L’ennemi juré du nickel de Trafigura était déjà notoire dans les cercles métalliques

Lorsque la nouvelle a annoncé que le groupe Trafigura faisait face à plus d’un demi-milliard de dollars de pertes à cause de ce qu’il a décrit comme une « fraude systématique », la plus grande surprise pour de nombreux initiés du marché n’était pas les cargaisons de nickel manquantes du négociant en matières premières. C’était que l’un des plus grands acteurs de l’industrie faisait toujours affaire avec un homme que d’autres avaient depuis longtemps abandonné.

L’homme d’affaires indien Prateek Gupta et ses sociétés, contre lesquelles Trafigura a obtenu cette semaine une ordonnance de gel de 625 millions de dollars, ont une histoire mouvementée dans le monde du commerce.

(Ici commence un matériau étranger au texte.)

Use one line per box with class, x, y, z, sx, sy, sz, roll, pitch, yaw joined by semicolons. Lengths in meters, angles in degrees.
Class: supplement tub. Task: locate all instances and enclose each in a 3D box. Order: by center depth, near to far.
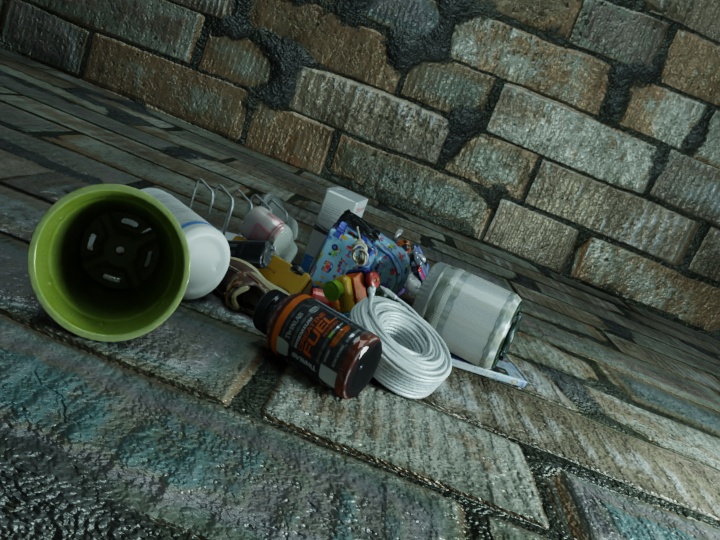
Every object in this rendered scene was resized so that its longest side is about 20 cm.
supplement tub;-0.071;0.104;0.989;0.198;0.109;0.106;27;14;24
supplement tub;-0.328;-0.049;1.119;0.131;0.134;0.199;6;21;-48

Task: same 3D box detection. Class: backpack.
backpack;0.000;0.000;1.381;0.198;0.184;0.135;33;21;-2

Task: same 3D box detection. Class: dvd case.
dvd case;0.243;0.185;1.365;0.196;0.018;0.143;18;13;-13

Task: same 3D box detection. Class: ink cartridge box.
ink cartridge box;-0.062;-0.088;1.540;0.082;0.204;0.145;22;13;7

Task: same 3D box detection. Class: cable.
cable;0.063;0.128;1.105;0.199;0.070;0.200;37;25;3

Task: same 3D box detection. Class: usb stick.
usb stick;-0.249;-0.031;1.209;0.196;0.056;0.033;2;-30;27

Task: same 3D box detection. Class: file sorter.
file sorter;-0.279;-0.110;1.452;0.197;0.127;0.139;13;16;-35

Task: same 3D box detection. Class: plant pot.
plant pot;-0.346;-0.021;0.917;0.196;0.204;0.190;17;3;-18

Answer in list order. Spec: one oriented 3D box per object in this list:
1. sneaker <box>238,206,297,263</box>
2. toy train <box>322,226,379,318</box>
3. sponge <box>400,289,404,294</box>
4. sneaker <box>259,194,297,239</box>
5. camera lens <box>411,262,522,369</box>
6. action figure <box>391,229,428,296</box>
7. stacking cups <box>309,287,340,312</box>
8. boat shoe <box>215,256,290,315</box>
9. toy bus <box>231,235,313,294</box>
sneaker;-0.188;-0.061;1.306;0.104;0.075;0.201;39;-21;14
toy train;-0.027;0.025;1.202;0.083;0.205;0.115;-7;3;37
sponge;0.047;0.036;1.608;0.110;0.030;0.200;25;14;10
sneaker;-0.229;-0.130;1.647;0.078;0.080;0.200;4;-21;17
camera lens;0.215;0.092;1.297;0.197;0.163;0.160;25;14;17
action figure;0.134;0.011;1.664;0.103;0.202;0.195;-20;27;11
stacking cups;-0.008;0.074;1.301;0.196;0.062;0.061;17;14;-20
boat shoe;-0.204;0.036;1.129;0.198;0.073;0.072;32;14;14
toy bus;-0.180;0.007;1.234;0.198;0.065;0.079;28;-24;23

Le marchand Gunvor Group et le fonds de financement du commerce TransAsia Private Capital Ltd. ont perdu de l’argent lors de transactions antérieures avec les sociétés de Gupta, selon des documents publics. D’autres, y compris des banques et des contreparties, se sont parfois sentis mal à l’aise avec les activités de négociation du groupe, selon plusieurs personnes qui travaillaient au groupe ou faisaient affaire avec lui. L’année dernière, la police fédérale indienne a annoncé qu’elle enquêtait sur des allégations de fraude contre Gupta lui-même.

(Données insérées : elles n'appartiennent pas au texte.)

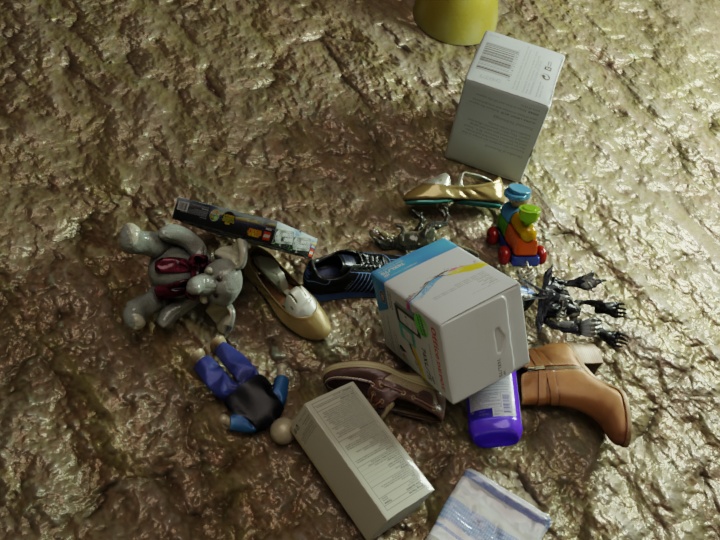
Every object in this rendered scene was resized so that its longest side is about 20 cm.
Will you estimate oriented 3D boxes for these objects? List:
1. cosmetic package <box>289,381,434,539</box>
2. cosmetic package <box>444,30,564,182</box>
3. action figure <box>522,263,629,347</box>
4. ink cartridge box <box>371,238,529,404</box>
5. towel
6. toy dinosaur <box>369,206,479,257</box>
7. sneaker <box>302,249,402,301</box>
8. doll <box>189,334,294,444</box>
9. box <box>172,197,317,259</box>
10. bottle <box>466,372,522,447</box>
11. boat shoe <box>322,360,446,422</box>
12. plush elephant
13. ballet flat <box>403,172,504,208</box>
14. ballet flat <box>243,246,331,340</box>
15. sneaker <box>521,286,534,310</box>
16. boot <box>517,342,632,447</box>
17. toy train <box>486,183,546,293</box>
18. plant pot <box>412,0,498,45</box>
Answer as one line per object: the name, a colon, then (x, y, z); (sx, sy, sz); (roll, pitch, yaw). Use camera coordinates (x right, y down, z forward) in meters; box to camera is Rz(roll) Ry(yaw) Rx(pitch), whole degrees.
cosmetic package: (0.000, 0.269, 1.163); (0.103, 0.073, 0.200); (-17, 60, -41)
cosmetic package: (0.277, -0.316, 1.573); (0.164, 0.201, 0.166); (20, 54, 7)
action figure: (0.360, 0.058, 1.334); (0.199, 0.102, 0.120); (19, 72, -28)
ink cartridge box: (0.135, 0.071, 1.234); (0.145, 0.148, 0.200); (-24, 31, -19)
towel: (0.170, 0.393, 1.151); (0.146, 0.024, 0.200); (30, 55, 14)
toy dinosaur: (0.119, -0.069, 1.454); (0.198, 0.048, 0.089); (7, 63, 13)
sneaker: (0.000, 0.000, 1.375); (0.198, 0.078, 0.071); (-12, 57, -17)
doll: (-0.168, 0.183, 1.233); (0.136, 0.049, 0.200); (-35, 66, -28)
box: (-0.188, -0.068, 1.327); (0.198, 0.137, 0.040); (15, 88, 26)
bottle: (0.206, 0.176, 1.284); (0.083, 0.065, 0.201); (-8, 53, 10)
boat shoe: (0.036, 0.193, 1.248); (0.198, 0.072, 0.072); (14, 51, -7)
plush elephant: (-0.254, 0.014, 1.254); (0.154, 0.166, 0.199); (12, 11, 35)
ballet flat: (0.173, -0.151, 1.508); (0.198, 0.069, 0.064); (1, 89, -17)
ballet flat: (-0.125, 0.036, 1.338); (0.200, 0.063, 0.069); (41, 61, 20)
sneaker: (0.205, 0.019, 1.395); (0.198, 0.079, 0.090); (13, 56, 1)
boot: (0.329, 0.197, 1.284); (0.154, 0.077, 0.201); (-4, 52, -14)
toy train: (0.289, -0.061, 1.409); (0.084, 0.117, 0.201); (-1, 31, -10)
plant pot: (0.228, -0.628, 1.829); (0.198, 0.142, 0.201); (5, 54, -6)

Ian Milne, un ancien responsable du financement du commerce des matières premières chez Rabobank et HSBC Holdings Plc qui a travaillé chez TransAsia pendant deux ans de 2018 à 2020 pour tenter de recouvrer les dettes des sociétés de Gupta, a déclaré qu’il « avait dû se frotter les yeux plusieurs fois » quand il a vu l’actualité cette semaine.

« Il est très bien connu sur le marché que ces types ont une réputation très douteuse », a déclaré Milne dans une interview. « La plupart des gens ne les ont pas traités depuis de nombreuses années. »

Les pertes de Trafigura ont choqué le monde du commerce des matières premières, démontrant que même l’une des plus grandes entreprises n’est pas en mesure d’éviter le genre d’explosions et de risques qui ont tourmenté l’industrie ces dernières années, et soulevant des questions sur la gestion des risques de l’ensemble du secteur.

Bloomberg a fait plusieurs tentatives par téléphone et par e-mail pour joindre Gupta et les sociétés qui lui appartiennent ou qui lui sont autrement liées pour commentaires vendredi, mais n’a reçu aucune réponse.

Trafigura a déclaré avoir commencé à enquêter après avoir identifié un certain nombre de signaux d’alarme.

« Il s’agissait d’une fraude systématique perpétrée après une relation commerciale longue et légitime remontant à 2015, qui impliquait de fausses déclarations et une falsification généralisée de documents primaires et justificatifs », a déclaré une porte-parole. « Toute fraude est l’occasion d’examiner et de renforcer les systèmes et les procédures et un examen approfondi est en cours. »

En savoir plus: Trafigura dit à ses banques qu’elles ne sont pas exposées à la fraude au nickel

Gupta est né en 1979 dans une famille de négociants en matières premières. Son père Vijay était un négociant en acier qui représentait des entreprises brésiliennes et espagnoles important des produits sidérurgiques en Inde dans les années 1980 et 1990, selon une nécrologie de l’entreprise. À sa mort en 2009, Prateek a repris la direction de l’entreprise familiale, basée à Mumbai, Ushdev International Ltd., avec sa mère Suman comme présidente. À son apogée au début des années 2010, la société avait une capitalisation boursière d’environ 250 millions de dollars.

En personne, Gupta est charmant et rarement énervé, disent plusieurs personnes qui ont fait affaire avec lui.

« Il a un style très décontracté. Quel que soit le problème, il dira que ce n’est pas vraiment un problème, tout sera résolu », a déclaré Milne, qui travaille maintenant pour MonetaGo, qui développe une technologie pour aider les banques et autres à éviter les fraudes dans le financement du commerce.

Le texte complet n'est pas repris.